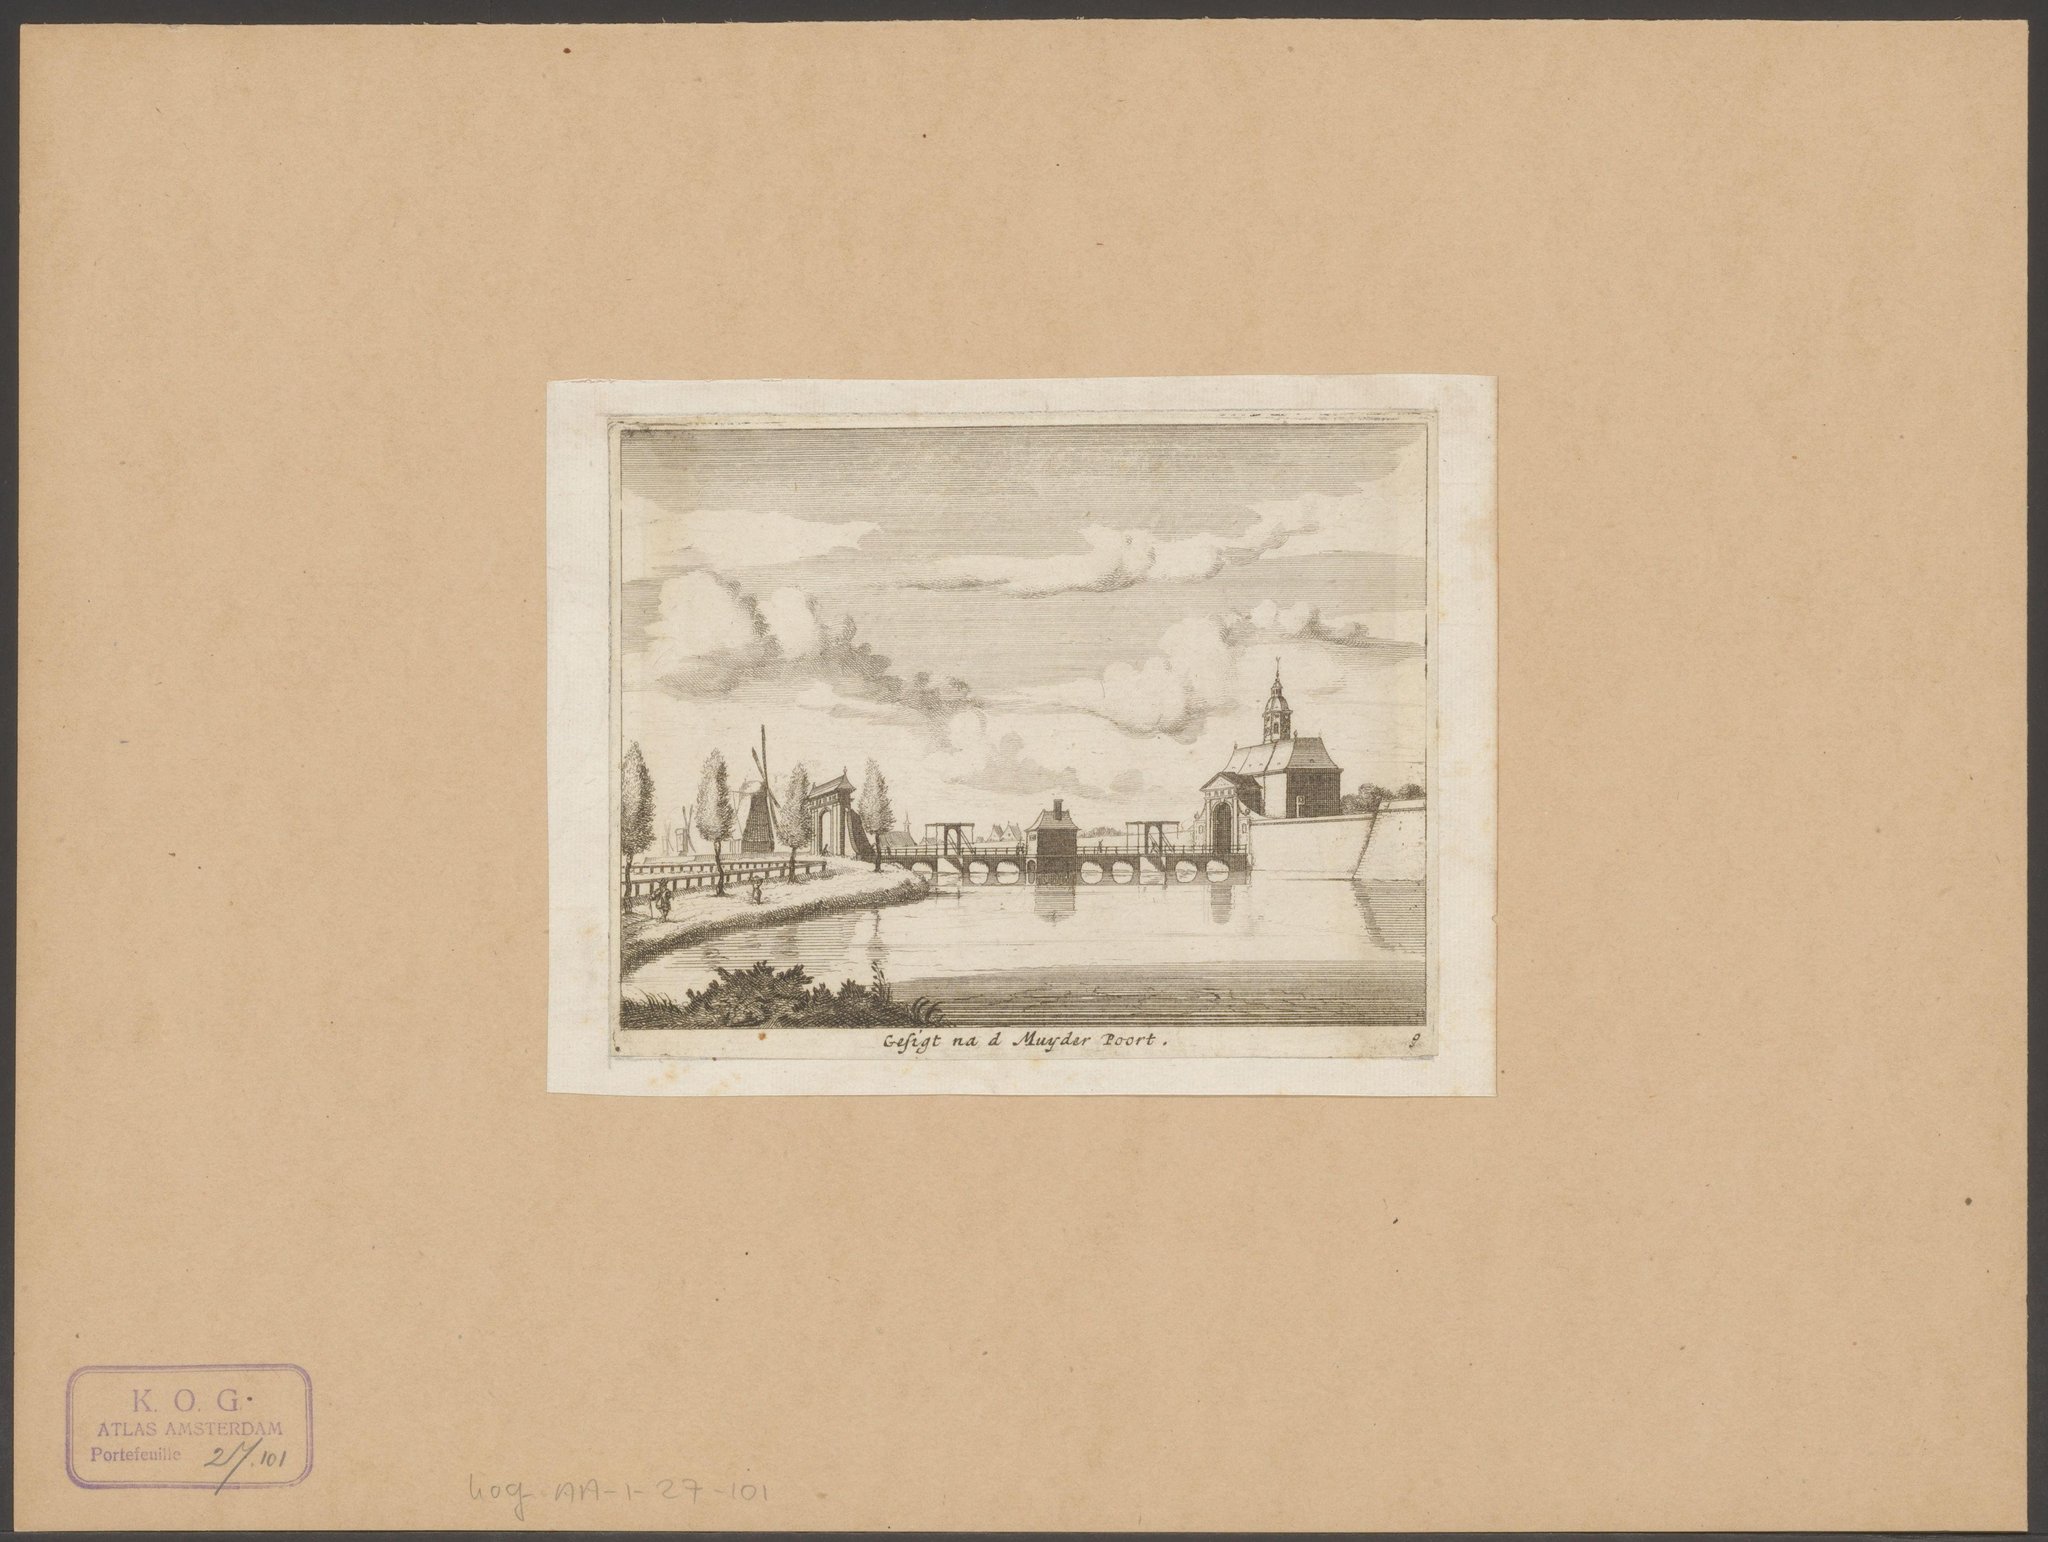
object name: print
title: Gesigt na d Muyder Poort
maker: gerard valck
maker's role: print maker, publisher
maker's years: 1651-1726
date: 1661-1726
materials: paper
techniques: engraving, etching
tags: bridge, city-gate, canal (+ landscape with figures, staffage)
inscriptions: collector's mark: Lugt 1641b
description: Gezicht op de Eerste Muiderpoort en de bijhorende brug te Amsterdam, gezien van buiten de stad. Rechtsonder genummerd: 9. Onderwerpsrubriek binnen de Atlas Amsterdam: B. Poorten, verzamelbladen, G. Eerste Muiderpoort.

### WHAT YOU NEED TO DO
Give an exact copy of the entries, excluding all pictures.

### ANSWER SPACE
object name: print
title: Gesigt na d Muyder Poort
maker: gerard valck
maker's role: print maker, publisher
maker's years: 1651-1726
date: 1661-1726
materials: paper
techniques: engraving, etching
tags: bridge, city-gate, canal (+ landscape with figures, staffage)
inscriptions: collector's mark: Lugt 1641b
description: Gezicht op de Eerste Muiderpoort en de bijhorende brug te Amsterdam, gezien van buiten de stad. Rechtsonder genummerd: 9. Onderwerpsrubriek binnen de Atlas Amsterdam: B. Poorten, verzamelbladen, G. Eerste Muiderpoort.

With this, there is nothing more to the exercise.